Why no genetic counseling beforehand?
The JAMA Oncology study, done in collaboration with the health insurance company Aetna, analyzed data from women whose doctors ordered BRCA testing between December 2011 and December 2012. Aetna covers genetic counseling services.
The most commonly cited reason for not seeking counseling before testing was that the patient’s doctor did not recommend it.
“I’m not surprised,” said Laurino. “Some of the genetic testing companies are really going directly to the providers in the community, and anyone can order this testing.”
Obstetrician-gynecologists were less likely to recommend genetic counseling than other physicians, something the study authors called “particularly concerning” since OB/GYNs are ordering tests for individuals who don’t meet the criteria for testing at a “high rate.”
Oncologists and internal medicine specialists were the most likely to recommend genetic counseling.
SCCA oncologist Dr. Stacey (Shiovitz) Cohen refers patients to genetic counselors for a number of reasons. Counselors are more up-to-speed on what tests are available, she said. They also know more about the nuts and bolts of genetic testing.

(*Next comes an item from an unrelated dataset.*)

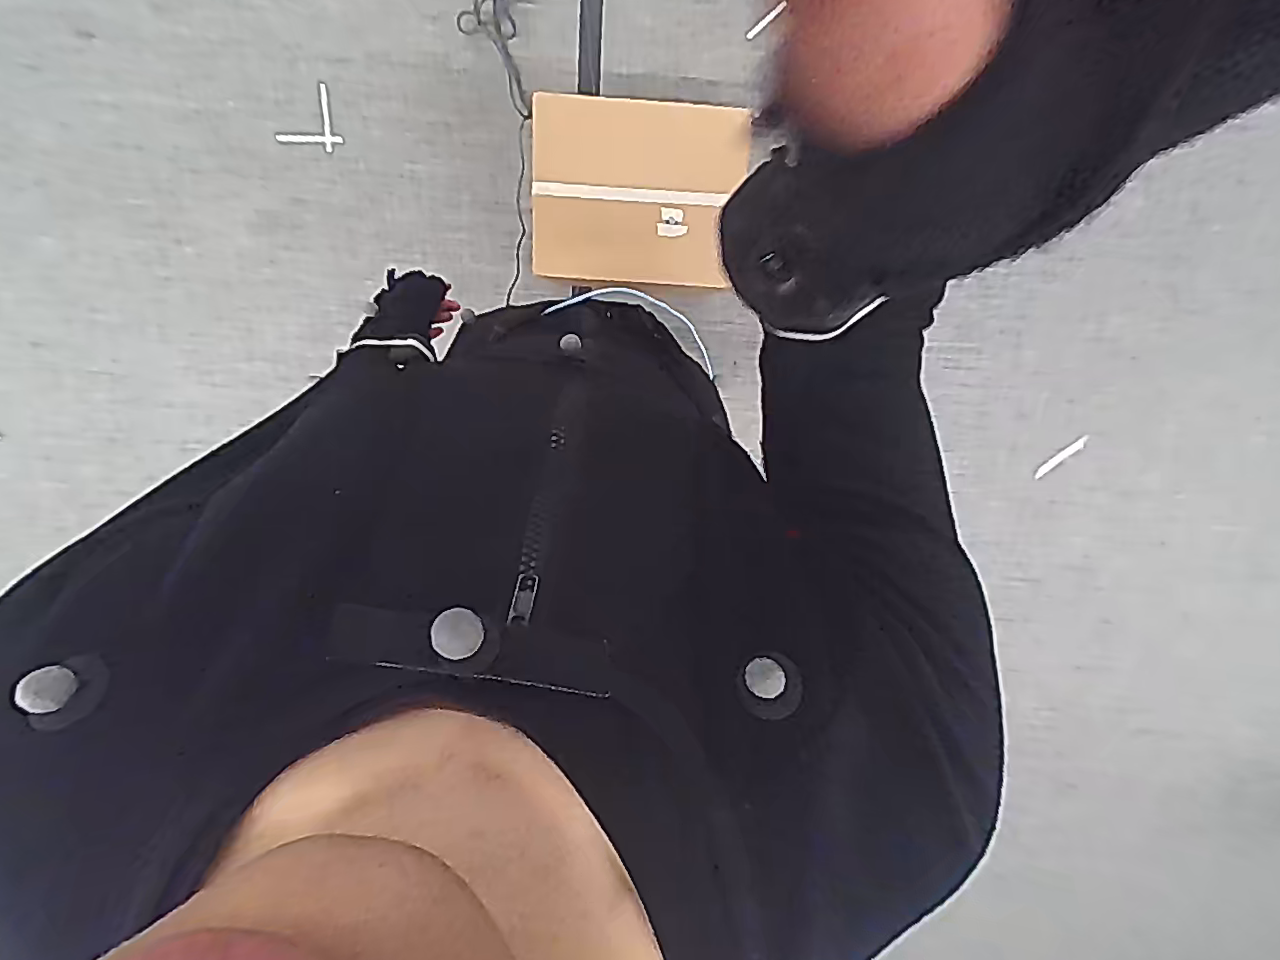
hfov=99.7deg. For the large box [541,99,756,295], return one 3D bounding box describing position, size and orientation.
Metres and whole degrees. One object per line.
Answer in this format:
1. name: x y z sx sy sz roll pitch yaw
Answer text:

“They’re very familiar with how good the test is, the costs and the turnaround time,” she said, and can also “probe a little deeper, to see if a patient wants to test.”
Laurino agreed.
“There’s an assumption that every individual wants to know,” she said. “Interestingly, not everyone does. One-on-one counseling really provides an opportunity for family members to choose to know and to make sure they’re emotionally prepared to know.”

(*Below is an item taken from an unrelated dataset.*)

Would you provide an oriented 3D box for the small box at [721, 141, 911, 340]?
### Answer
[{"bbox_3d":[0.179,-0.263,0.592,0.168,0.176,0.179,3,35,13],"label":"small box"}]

Who should be tested? Experts disagree
Most breast cancers are not hereditary. The National Cancer Institute estimates no more than 10 percent of all breast cancers are due to inherited genetic mutations such as those in BRCA1 or BRCA2, among others. According to the NCI, about 12 percent of all U.S. women will develop breast cancer and about 1.4 percent will develop ovarian cancer.

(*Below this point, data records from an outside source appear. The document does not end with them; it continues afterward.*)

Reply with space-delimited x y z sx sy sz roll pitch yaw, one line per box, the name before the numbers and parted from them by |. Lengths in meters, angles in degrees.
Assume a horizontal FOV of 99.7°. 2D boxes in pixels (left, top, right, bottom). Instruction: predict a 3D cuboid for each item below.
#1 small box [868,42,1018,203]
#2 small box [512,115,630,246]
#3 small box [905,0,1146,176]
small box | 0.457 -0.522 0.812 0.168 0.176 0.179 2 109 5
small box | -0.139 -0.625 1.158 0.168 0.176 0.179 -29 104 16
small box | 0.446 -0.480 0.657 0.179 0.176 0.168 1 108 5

The NCI and other national guidelines call for genetic testing to be performed when the person’s family history suggests “the possible presence of a harmful mutation in BRCA1 or BRCA2,” that is, a history of breast, ovarian, fallopian tube or peritoneal cancers. Some of the factors associated with an increased likelihood of a BRCA1 or BRCA2 mutation include breast cancer diagnosis before age 50, multiple breast cancers, cases of male breast cancer and Ashkenazi Jewish ethnicity.
According to the JAMA Oncology study, women who received pre-test genetic counseling were twice as likely to meet those criteria than those who did not.
But not everyone agrees on those criteria.
Dr. Mary-Claire King, the University of Washington genetic researcher who discovered the chromosome location of the BRCA1 gene and proved the existence of inherited breast cancer, has called for testing all women over the age of 30 for the BRCA mutations as part of routine medical care.
In a related JAMA Oncology editorial Dr. Steven Narod of the Women’s College Research Institute in Toronto voiced the same opinion.
“It is disingenuous to think that we can maintain the status quo of universal 1-on-1 testing to fully realize the technical advances in genetic sequencing and apply these to the practice of personalized medicine,” he wrote. “We should test as widely as possible to find as many carriers as we can.”
In a telephone interview, Narod said that as the price of genetic testing drops — since 2013, genetic tests for BRCA gene mutations have gone from $3,000 to as low as $199 — there’s no need for counselors to weed out those who don’t meet guidelines or criteria.
“My philosophy is test everybody or test widely, depending on the cost of the test, and then focus our attention on getting people with the mutation the best possible treatment,” he said. “We should be counseling people with a positive test.”
Laurino argued that there is still a role for pre-test counseling.
“I’m all for cancer prevention, and I’m all for people wanting to know so they can do early detection and prevention,” she said, “but in a mindful way in which they really do understand that once I have this type of gene mutation, here are all the recommendations for me and my family members.”